Interestingly I searched in Facebook to find the stoner nation page and it was not listed when typed as two words but was when I typed it the way their name is listed as one word – StonerNation .

It is not a surprise to see seems there are many fans of Stoner Nation who are using Facebook accounts without their real names. Like Oregon Slacker , Stoner Stuff, and Drink Moxie.
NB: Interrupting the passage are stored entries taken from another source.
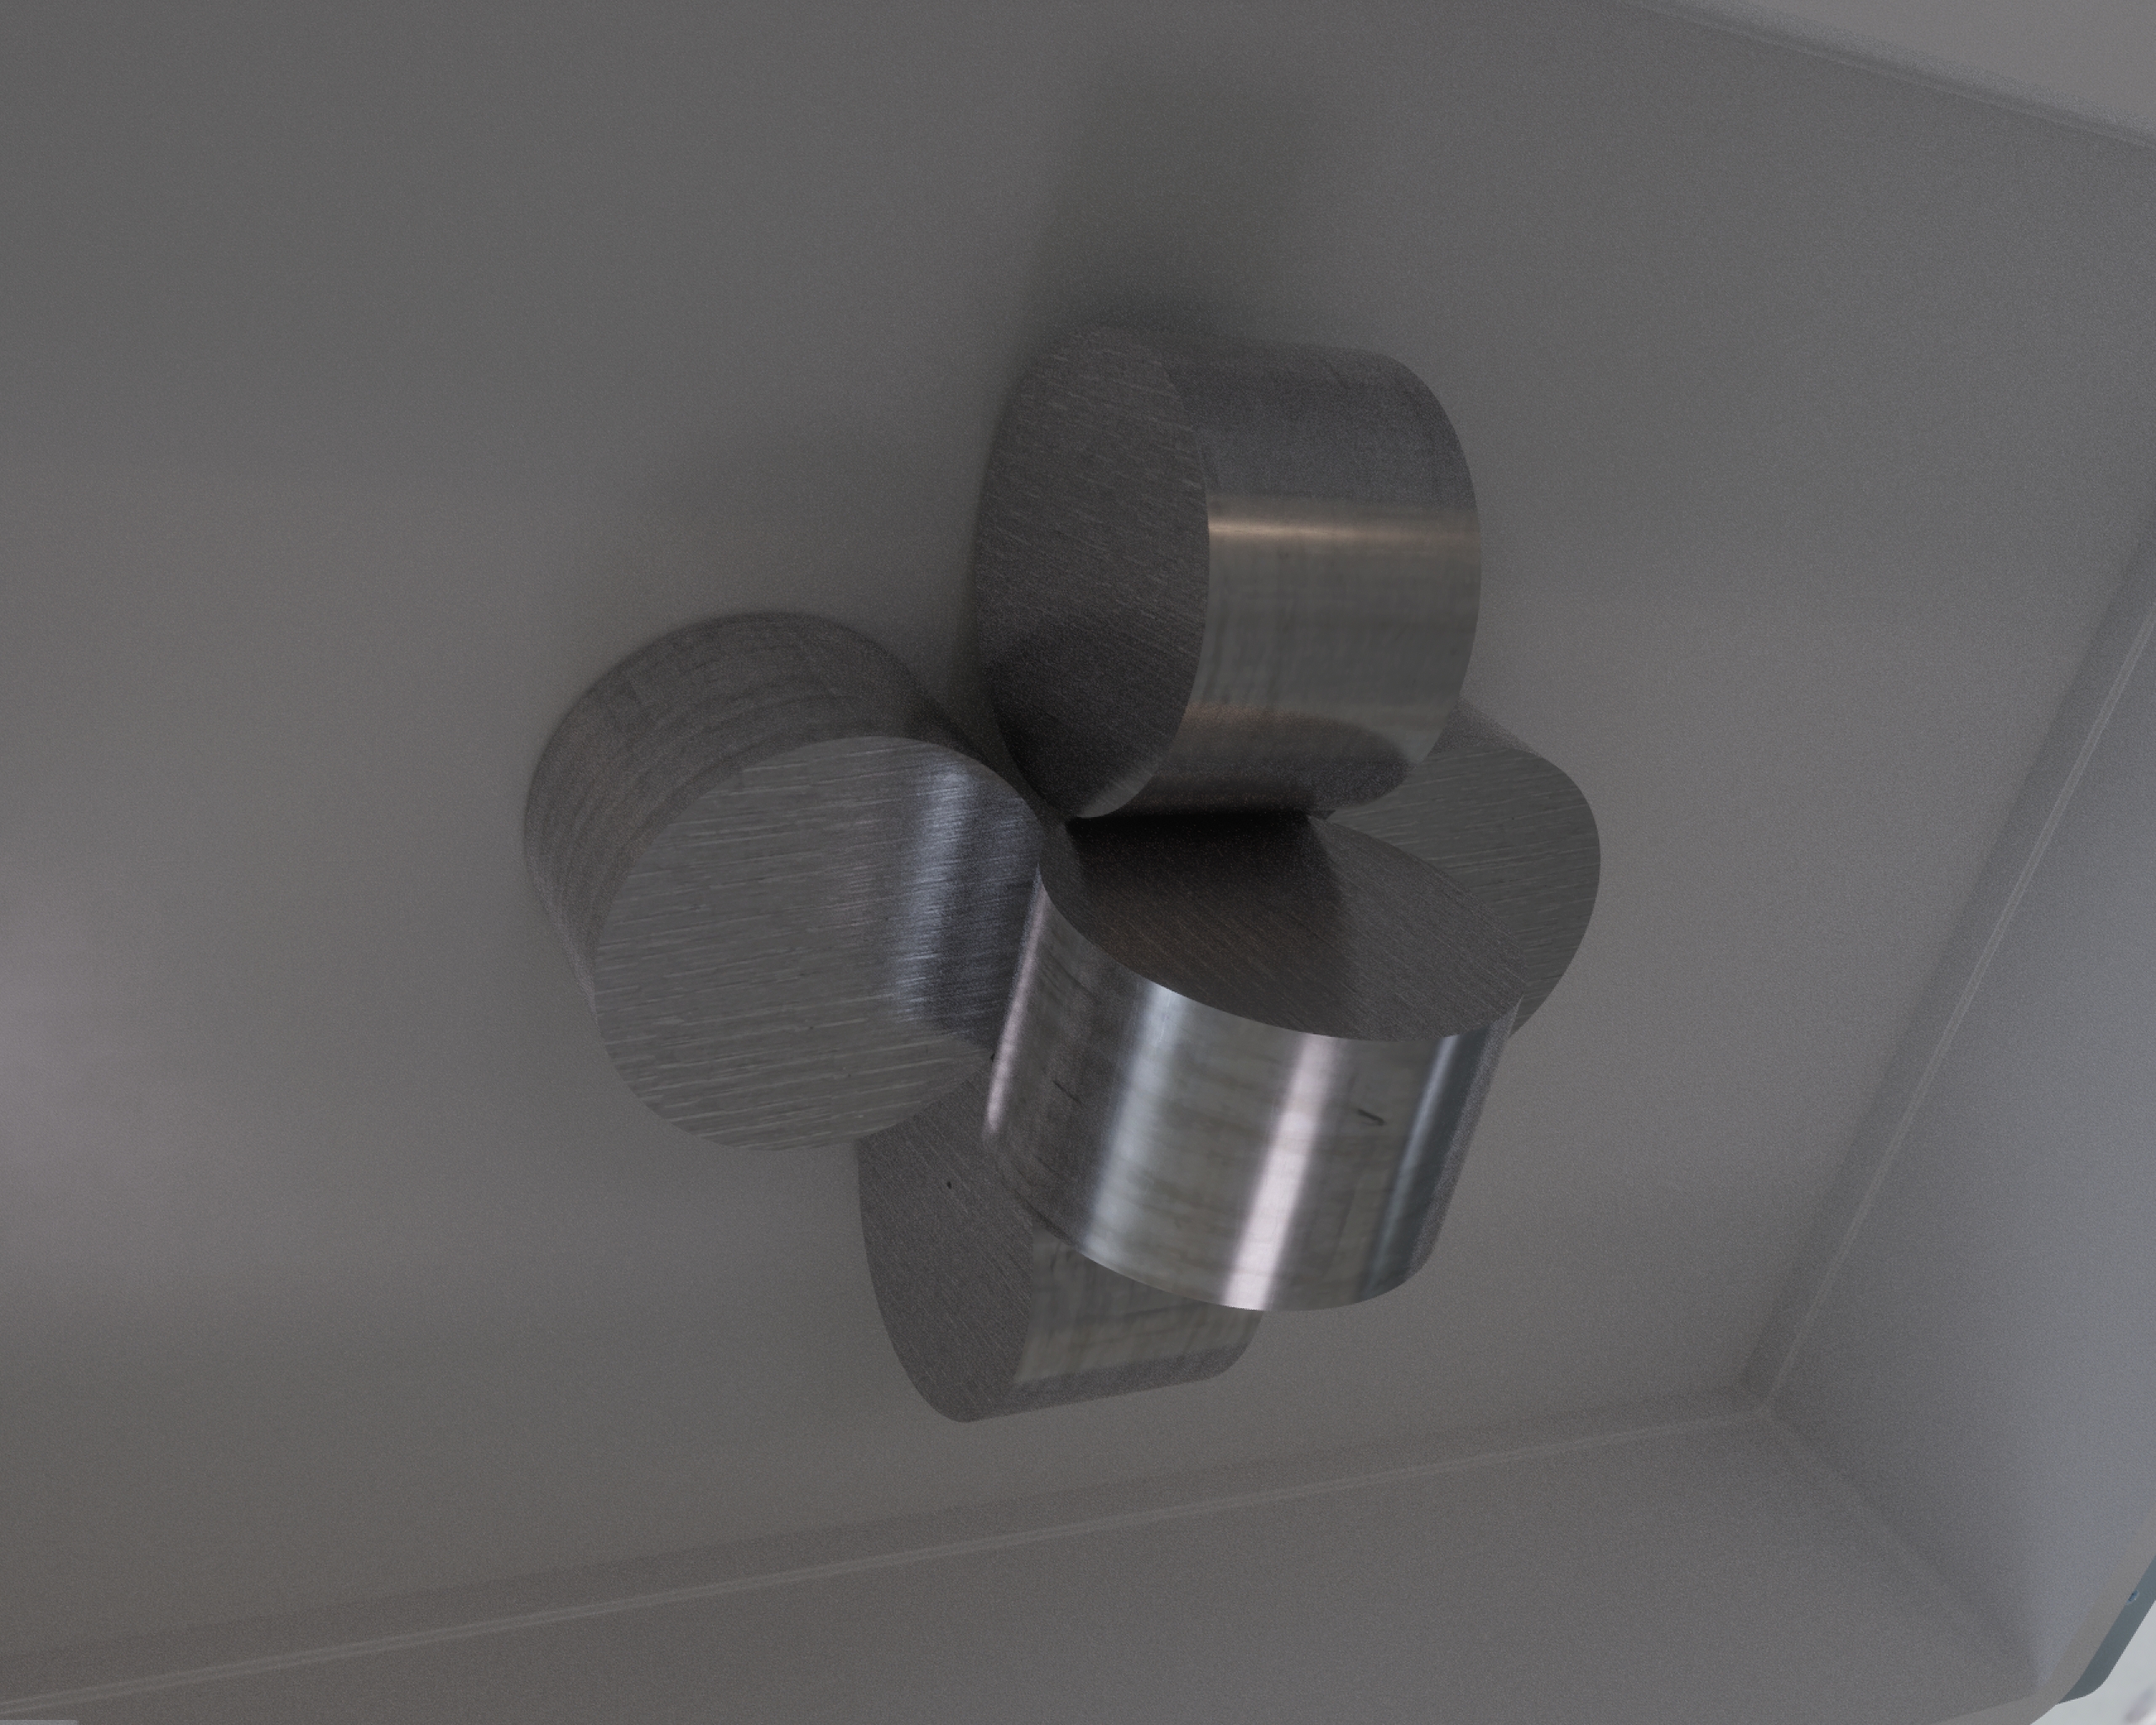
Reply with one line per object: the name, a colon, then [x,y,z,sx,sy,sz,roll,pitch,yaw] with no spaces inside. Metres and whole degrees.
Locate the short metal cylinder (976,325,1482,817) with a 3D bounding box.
short metal cylinder: [0.023,-0.048,0.353,0.050,0.080,0.079,-2,120,-28]

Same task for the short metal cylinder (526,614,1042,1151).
short metal cylinder: [-0.050,0.003,0.364,0.081,0.050,0.079,-14,124,-21]

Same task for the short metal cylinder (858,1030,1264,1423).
short metal cylinder: [-0.004,0.065,0.408,0.050,0.080,0.079,-2,120,-28]

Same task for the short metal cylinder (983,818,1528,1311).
short metal cylinder: [0.028,0.029,0.347,0.081,0.080,0.050,-1,119,-28]

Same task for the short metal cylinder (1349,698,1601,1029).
short metal cylinder: [0.057,0.001,0.421,0.081,0.050,0.079,-14,124,-21]
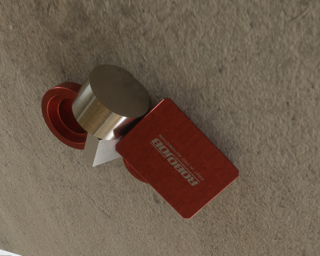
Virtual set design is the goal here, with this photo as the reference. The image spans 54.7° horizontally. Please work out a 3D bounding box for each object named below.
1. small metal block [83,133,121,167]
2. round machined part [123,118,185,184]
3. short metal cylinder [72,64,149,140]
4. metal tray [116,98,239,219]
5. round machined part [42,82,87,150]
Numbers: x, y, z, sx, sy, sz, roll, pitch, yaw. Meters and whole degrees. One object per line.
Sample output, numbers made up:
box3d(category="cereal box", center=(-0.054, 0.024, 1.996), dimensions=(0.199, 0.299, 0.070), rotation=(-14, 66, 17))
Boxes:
box3d(category="small metal block", center=(-0.071, 0.020, 0.417), dimensions=(0.025, 0.050, 0.050), rotation=(46, 133, 28))
box3d(category="round machined part", center=(-0.012, 0.038, 0.425), dimensions=(0.098, 0.042, 0.097), rotation=(13, 124, 20))
box3d(category="short metal cylinder", center=(-0.061, -0.032, 0.384), dimensions=(0.080, 0.080, 0.050), rotation=(44, 129, -3))
box3d(category="metal tray", center=(0.021, 0.037, 0.387), dimensions=(0.090, 0.030, 0.130), rotation=(-43, 95, 7))
box3d(category="round machined part", center=(-0.116, -0.021, 0.443), dimensions=(0.098, 0.042, 0.097), rotation=(13, 124, 20))

I think this liminal space between the legal and illegal (at least this is factually the case in california) is quiet interesting. The freedom to express oneself and organize around change is something that is important to maintain on the web – clearly these three people have chosen to weave a line – expressing their opinion and support and involvement around marijuana online and not releasing their “real names” on facebook or twitter where they are expressing support and involvement in movement organizing but making the choice that saying who they are may negatively affect them in their ‘daily life’ – whether it be a small town where they live that would be unaccepting or a profession they hold that would not be understanding. I think these rights and issues go beyond “just” drug use but also extend to sexual and other minorities. The marijuana community is activating right now because there is a ballot initiative here in 2010 to legalize pot and tax it (potentially generating 1.2 billion dollars in revenue annually for the state).

I think a question we all have in building the evolving open and social web is how do we support citizens having the freedom to express themselves online and in social contexts. What are the particulars of online identity that enable this as a possibility and don’t rule the fundamental right of freedom of expression out? I am specifically thinking about the equivalent to anonymously joining a social movement march in the physical world.

US government Official says ‘no more anonymity’

From Slashdot:

Privacy no longer can mean anonymity, says Donald Kerr, a deputy director of national intelligence. Instead, it should mean that government and businesses properly safeguards people’s private communications and financial information. “Protecting anonymity isn’t a fight that can be won. Anyone that’s typed in their name on Google understands that,” said Kerr. Kurt Opsahl of the EFF said Kerr ignores the distinction between sacrificing protection from an intrusive government and voluntarily disclosing information in exchange for a service. “There is something fundamentally different from the government having information about you than private parties. We shouldn’t have to give people the choice between taking advantage of modern communication tools and sacrificing their privacy.” Kerr’s comments come as Congress is taking a second look at the Foreign Surveillance Intelligence Act, requiring a court order for surveillance on U.S. soil. The White House argued that the law was obstructing intelligence gathering.